Tujuan IMM adalah "mengusahakan terbentuknya Akademisi Islam yang Berakhlak Mulia dalam rangka mencapai Tujuan Muhammadiyah".

IMM berdiri di Yogyakarta, tanggal 14 Maret 1964 M / 29 Syawal 1384 H.

Pendiri dan penggagasnya adalah Djazman Al-Kindi yang sekaligus menjadi ketua pertama. Anggota pimpinannya adalah M. Husni Thamrin, A. Soedibjo Markoes, Moh. Arief, A. Sulamo, Kastolani, Slamet Sukir nanto, dan Dzulkabir (semuanya dari UGM), Rosyad Saleh dan A. Muis dari IAIN Yogyakarta.

Trilogi adalah 3 idealitas yang dimiliki IMM meliputi Keagamaan, Kemahasiswaa dan Kemasyarakatan.

Trikompetensi adalah 3 kompetensi yang perlu dimiliki oleh setiap kader ikatan, juga bisa dimaknai sebagai misi dari IMM itu sendiri.

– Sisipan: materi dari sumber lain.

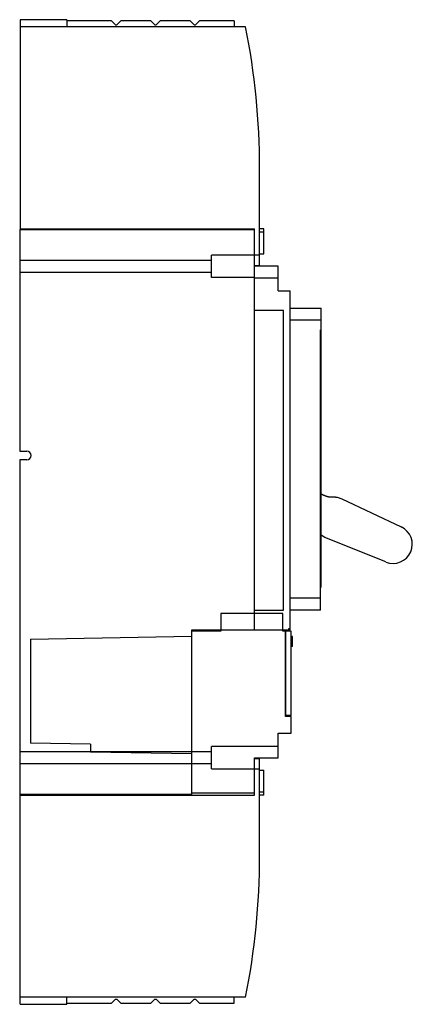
# Model space of a CAD drawing. Header units: millimetres. Extents: x 94 to 253, y 39 to 440.
import ezdxf

# ---------------------------------------------------------------- set-up
doc = ezdxf.new("R2010")
doc.units = ezdxf.units.MM
doc.header["$LTSCALE"] = 31.11534
doc.layers.get('0').update_dxf_attribs({"linetype": 'CONTINUOUS'})

msp = doc.modelspace()

# ---------------------------------------------------------------- linework, layer by layer
at = {"color": 7, "linetype": 'Continuous'}
for p, q in [((93.84, 439.65), (93.84, 354.25)), ((112.84, 439.65), (93.84, 439.65)), ((112.84, 439.65), (112.84, 436.75)), ((130.89, 439.25), (112.84, 439.25)), ((130.89, 439.25), (132.59, 437.55)), ((132.59, 437.55), (133.09, 437.55)), ((133.09, 437.55), (134.79, 439.25)), ((146.89, 439.25), (134.79, 439.25)), ((146.89, 439.25), (148.59, 437.55)), ((148.59, 437.55), (149.09, 437.55)), ((149.09, 437.55), (150.79, 439.25)), ((162.89, 439.25), (150.79, 439.25)), ((162.89, 439.25), (164.59, 437.55)), ((164.59, 437.55), (165.09, 437.55)), ((165.09, 437.55), (166.79, 439.25)), ((180.84, 439.25), (166.79, 439.25)), ((180.84, 439.25), (180.84, 436.75)), ((185.48, 436.75), (93.84, 436.75)), ((191.14, 339.26), (191.14, 379.25)), ((93.64, 354.25), (93.64, 264)), ((93.64, 354.25), (189.14, 354.25)), ((93.84, 354.5), (189.14, 354.5)), ((95.14, 354.5), (95.14, 354.25)), ((189.14, 191.25), (189.14, 354.5)), ((192.84, 354.5), (191.14, 354.5)), ((191.14, 353.26), (192.84, 353.26)), ((192.84, 344.3), (192.84, 354.5)), ((93.64, 341.8), (171.64, 341.8)), ((171.64, 334.75), (171.64, 343.75)), ((191.14, 343.75), (171.64, 343.75)), ((191.14, 344.3), (192.84, 344.3)), ((171.64, 336.71), (93.64, 336.71)), ((189.14, 339.55), (191.14, 339.55)), ((198.64, 339.26), (189.14, 339.26)), ((198.64, 329.26), (198.64, 339.26)), ((189.14, 334.75), (171.64, 334.75)), ((189.14, 334.51), (198.64, 334.51)), ((198.64, 329.26), (203.64, 329.26)), ((203.64, 191.26), (203.64, 329.26)), ((200.94, 321.25), (189.14, 321.25)), ((200.94, 199.25), (200.94, 321.25)), ((203.64, 322.29), (216.14, 322.29)), ((216.14, 208.63), (216.14, 322.29)), ((216.14, 317.29), (203.64, 317.29)), ((215.94, 199.33), (215.94, 313.42)), ((215.94, 313.42), (216.14, 313.42)), ((216.14, 308.42), (215.94, 308.42)), ((93.64, 264), (96.55, 264)), ((93.64, 260.5), (93.64, 124.25)), ((96.55, 260.5), (93.64, 260.5)), ((222.69, 245.26), (224.6, 244.63)), ((224.6, 244.63), (248.77, 233.18)), ((217.71, 228.89), (216.14, 229.77)), ((242.51, 218.9), (217.71, 228.89)), ((215.94, 208.63), (216.14, 208.63)), ((203.64, 204.32), (215.94, 204.32)), ((200.64, 198), (175.44, 198)), ((175.44, 198), (175.44, 190.75)), ((189.14, 199.25), (200.94, 199.25)), ((200.64, 190.75), (200.64, 198)), ((215.94, 199.33), (203.64, 199.33)), ((98.04, 187.51), (163.64, 188.65)), ((163.64, 191.25), (189.14, 191.25)), ((163.64, 124), (163.64, 191.25)), ((175.44, 190.75), (163.64, 190.75)), ((172.14, 191.25), (172.14, 190.75)), ((173.14, 190.75), (173.14, 191.25)), ((189.14, 191.26), (203.64, 191.26)), ((201.64, 190.75), (200.64, 190.75)), ((201.64, 155.95), (201.64, 190.75)), ((201.84, 188.55), (201.64, 188.55)), ((204.04, 190.75), (201.84, 190.75)), ((201.84, 156.35), (201.84, 190.75)), ((203.04, 191.86), (203.64, 191.86)), ((203.04, 191.26), (203.04, 191.86)), ((204.04, 156.35), (204.04, 190.75)), ((204.54, 188.55), (204.04, 188.55)), ((204.54, 184.45), (204.54, 188.55)), ((98.04, 187.51), (98.04, 145.14)), ((201.84, 187.35), (201.64, 187.35)), ((201.84, 185.65), (201.64, 185.65)), ((201.84, 184.45), (201.64, 184.45)), ((204.54, 184.45), (204.04, 184.45)), ((204.04, 156.35), (201.84, 156.35)), ((204.04, 155.95), (201.64, 155.95)), ((204.04, 149.25), (204.04, 155.95)), ((198.64, 149.25), (204.04, 149.25)), ((198.64, 139.25), (198.64, 149.25)), ((122.44, 144.71), (98.04, 145.14)), ((122.44, 144.71), (122.44, 141.8)), ((93.64, 141.8), (171.64, 141.8)), ((122.44, 141.61), (163.64, 140.89)), ((198.64, 143.75), (171.64, 143.75)), ((171.64, 134.75), (171.64, 143.75)), ((171.64, 136.71), (93.64, 136.71)), ((189.14, 139.25), (198.64, 139.25)), ((189.14, 124), (189.14, 139.25)), ((189.14, 138.95), (191.14, 138.95)), ((191.14, 99.25), (191.14, 139.25)), ((171.64, 134.75), (191.14, 134.75)), ((191.14, 134.2), (192.84, 134.2)), ((192.84, 124), (192.84, 134.2)), ((163.64, 124.25), (93.64, 124.25)), ((93.84, 38.85), (93.84, 124.25)), ((95.14, 124.25), (95.14, 124)), ((189.14, 124.75), (163.64, 124.75)), ((192.84, 125.25), (191.14, 125.25)), ((93.84, 124), (189.14, 124)), ((192.84, 124), (191.14, 124)), ((185.48, 41.75), (93.84, 41.75)), ((112.84, 38.85), (112.84, 41.75)), ((132.59, 40.95), (130.89, 39.25)), ((132.59, 40.95), (133.09, 40.95)), ((134.79, 39.25), (133.09, 40.95)), ((148.59, 40.95), (146.89, 39.25)), ((148.59, 40.95), (149.09, 40.95)), ((150.79, 39.25), (149.09, 40.95)), ((164.59, 40.95), (162.89, 39.25)), ((164.59, 40.95), (165.09, 40.95)), ((166.79, 39.25), (165.09, 40.95)), ((180.84, 39.25), (180.84, 41.75)), ((93.84, 38.85), (112.84, 38.85)), ((112.84, 39.25), (130.89, 39.25)), ((134.79, 39.25), (146.89, 39.25)), ((150.79, 39.25), (162.89, 39.25)), ((166.79, 39.25), (180.84, 39.25))]:
    msp.add_line(p, q, dxfattribs=at)
for centre, radius, start, end in [((-103.86, 379.25), 295, 0, 11.2398), ((96.55, 262.25), 1.75, 270, 90), ((245.43, 226.13), 7.8, 248.0533, 64.6533), ((-103.86, 99.25), 295, 348.7602, 360)]:
    msp.add_arc(centre, radius, start, end, dxfattribs=at)
msp.add_open_spline([(216.13, 246.57), (216.19, 246.55), (216.33, 246.49), (216.57, 246.4), (216.83, 246.29), (217.06, 246.2), (217.28, 246.12), (217.48, 246.04), (217.66, 245.96), (217.83, 245.9), (217.98, 245.84), (218.11, 245.79), (218.24, 245.75), (218.35, 245.71), (218.45, 245.67), (218.54, 245.65), (218.62, 245.62), (218.69, 245.6), (218.76, 245.58), (218.83, 245.57), (218.89, 245.55), (218.95, 245.54), (219.02, 245.52), (219.08, 245.51), (219.15, 245.5), (219.23, 245.49), (219.31, 245.48), (219.41, 245.46), (219.52, 245.45), (219.64, 245.44), (219.77, 245.44), (219.91, 245.43), (220.05, 245.43), (220.19, 245.43), (220.33, 245.43), (220.46, 245.43), (220.6, 245.42), (220.74, 245.42), (220.88, 245.42), (221.02, 245.42), (221.16, 245.42), (221.31, 245.41), (221.45, 245.4), (221.59, 245.39), (221.74, 245.38), (221.9, 245.37), (222.07, 245.35), (222.26, 245.33), (222.46, 245.3), (222.61, 245.27), (222.69, 245.26)], degree=3, knots=[0, 0, 0, 0, 0.024504, 0.069022, 0.109104, 0.145652, 0.179174, 0.210066, 0.238613, 0.264775, 0.288502, 0.310197, 0.33037, 0.349234, 0.366654, 0.382309, 0.396178, 0.408736, 0.420607, 0.432247, 0.443867, 0.455493, 0.467112, 0.47889, 0.491231, 0.504633, 0.519528, 0.536172, 0.554593, 0.574636, 0.595993, 0.618204, 0.640714, 0.662755, 0.683383, 0.702604, 0.721481, 0.740625, 0.759854, 0.778999, 0.798122, 0.817267, 0.836415, 0.855601, 0.875113, 0.89556, 0.91768, 0.94217, 0.96959, 1, 1, 1, 1], dxfattribs=at)

doc.saveas('drawing.dxf')

Meliputi Religiusitas, Intelektualitas dan Humanitas.

Fungsi IMM, adalah sebagai gerakan eksponen mahasiswa dalam Muhammadiyah (stabilisator dan dinamisator).

Darul Arqam Dasar yang kemudian disingkat menjadi DAD merupakan sebuah kegiatan perkaderan Ikatan Mahasiswa Muhammadiyah yang wajib diikuti oleh seluruh calon kader IMM. DAD sendiri menjadi pintu masuk serta langkah awal bagi kader untuk bergabung dengan Organisasi Ikatan Mahasiswa Muhammadiyah.

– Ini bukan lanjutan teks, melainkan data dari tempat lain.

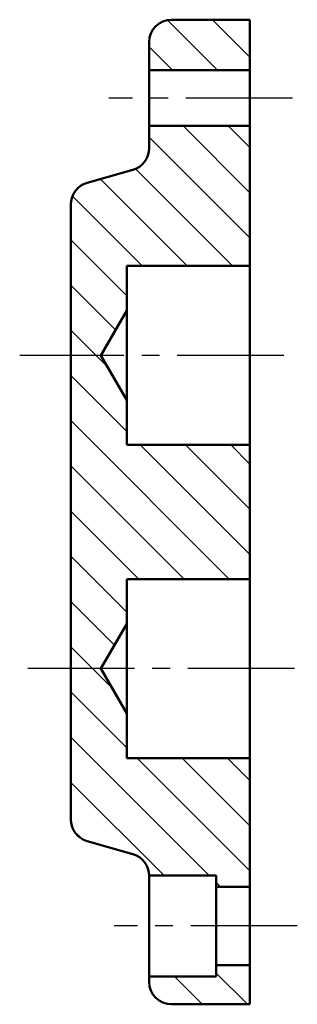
# Model space of a CAD drawing. Header units: millimetres. Extents: x 158.9 to 183.7, y 10.6 to 98.6.
import ezdxf

# ---------------------------------------------------------------- set-up
doc = ezdxf.new("R2010")
doc.units = ezdxf.units.MM
doc.linetypes.add('CENTER2', pattern=[28.575, 19.05, -3.175, 3.175, -3.175])
doc.layers.add('剖面线层', color=7, linetype='Continuous')
doc.layers.add('点划线', color=86, linetype='CENTER2')
doc.layers.add('点画线层', color=3, linetype='CENTER2', lineweight=25)
doc.layers.add('粗实线层', color=1, linetype='Continuous', lineweight=50)

msp = doc.modelspace()

# ---------------------------------------------------------------- hatches: boundary and pattern name
at = {"layer": '剖面线层', "ltscale": 0.5}
h = msp.add_hatch(dxfattribs=at)
h.set_pattern_fill('ANSI31', scale=0.9, angle=90, style=0)
h.paths.add_polyline_path([(179.505, 98.637), (172.505, 98.637, 0.414214), (170.505, 96.637), (170.505, 94.137), (179.505, 94.137)])
h.paths.add_polyline_path([(179.505, 89.137), (170.505, 89.137), (170.505, 87.146, -0.33486), (169.055, 85.223), (164.956, 84.052, 0.33486), (163.505, 82.129), (163.505, 68.637), (166.196, 68.637), (168.505, 72.637), (168.505, 76.637), (179.505, 76.637)])
h.paths.add_polyline_path([(179.505, 60.637), (168.505, 60.637), (168.505, 64.637), (166.196, 68.637), (163.505, 68.637), (163.505, 40.637), (166.196, 40.637), (168.505, 44.637), (168.505, 48.637), (179.505, 48.637)])
h.paths.add_polyline_path([(179.505, 32.637), (168.505, 32.637), (168.505, 36.637), (166.196, 40.637), (163.505, 40.637), (163.505, 27.146, 0.33486), (164.956, 25.223), (169.055, 24.052, -0.333665), (170.505, 22.137), (176.505, 22.137), (176.505, 21.137), (179.505, 21.137)])
h.paths.add_polyline_path([(179.505, 14.137), (176.505, 14.137), (176.505, 13.137), (170.505, 13.137), (170.505, 12.637, 0.414214), (172.505, 10.637), (179.505, 10.637)])

# ---------------------------------------------------------------- linework, layer by layer
at = {"layer": '点划线', "color": 7, "ltscale": 0.5}
for p, q in [((183.313, 91.637), (166.916, 91.637)), ((183.749, 17.637), (167.386, 17.637))]:
    msp.add_line(p, q, dxfattribs=at)
at = {"layer": '点画线层', "color": 7, "ltscale": 0.5}
for p, q in [((182.541, 68.637), (158.933, 68.637)), ((183.487, 40.637), (159.155, 40.637))]:
    msp.add_line(p, q, dxfattribs=at)
at = {"layer": '粗实线层', "color": 7, "ltscale": 0.5}
for p, q in [((179.505, 98.637), (172.505, 98.637)), ((179.505, 98.637), (179.505, 10.637)), ((170.505, 96.637), (170.505, 87.146)), ((179.505, 94.137), (170.505, 94.137)), ((179.505, 89.137), (170.505, 89.137)), ((169.055, 85.223), (164.956, 84.052)), ((163.505, 82.129), (163.505, 27.146)), ((168.505, 76.637), (168.505, 60.637)), ((179.505, 76.637), (168.505, 76.637)), ((166.196, 68.637), (168.505, 72.637)), ((168.505, 64.637), (166.196, 68.637)), ((179.505, 60.637), (168.505, 60.637)), ((168.505, 48.637), (168.505, 32.637)), ((179.505, 48.637), (168.505, 48.637)), ((166.196, 40.637), (168.505, 44.637)), ((168.505, 36.637), (166.196, 40.637)), ((179.505, 32.637), (168.505, 32.637)), ((169.055, 24.052), (164.956, 25.223)), ((176.505, 22.137), (170.505, 22.137)), ((170.505, 22.129), (170.505, 12.637)), ((176.505, 22.137), (176.505, 13.137)), ((179.505, 21.137), (176.505, 21.137)), ((179.505, 14.137), (176.505, 14.137)), ((176.505, 13.137), (170.505, 13.137)), ((179.505, 10.637), (172.505, 10.637))]:
    msp.add_line(p, q, dxfattribs=at)
for centre, start, end in [((172.505, 96.637), 90, 180), ((168.505, 87.146), 285.9454, 0), ((165.505, 82.129), 105.9454, 180), ((165.505, 27.146), 180, 254.0546), ((168.505, 22.129), 360, 74.0546), ((172.505, 12.637), 180, 270)]:
    msp.add_arc(centre, 2, start, end, dxfattribs=at)

doc.saveas('drawing.dxf')

Tingkatan kaderisasi selanjutnya setelah DAD adalah Darul Arqam Madya ( Darul Arqam Madya ) dan Darul Arqam Paripurna ( DAP )

Komisariat adalah Pimpinan tingkat grass root atau awal yang ada dalam IMM.

Adapun Pimpinan yang lebih tinggi dari Komisariat adalah :

Cabang ( untuk tingkat kota )

Daerah ( untuk tingkat Provinsi )

Pusat ( untuk tingkat nasional )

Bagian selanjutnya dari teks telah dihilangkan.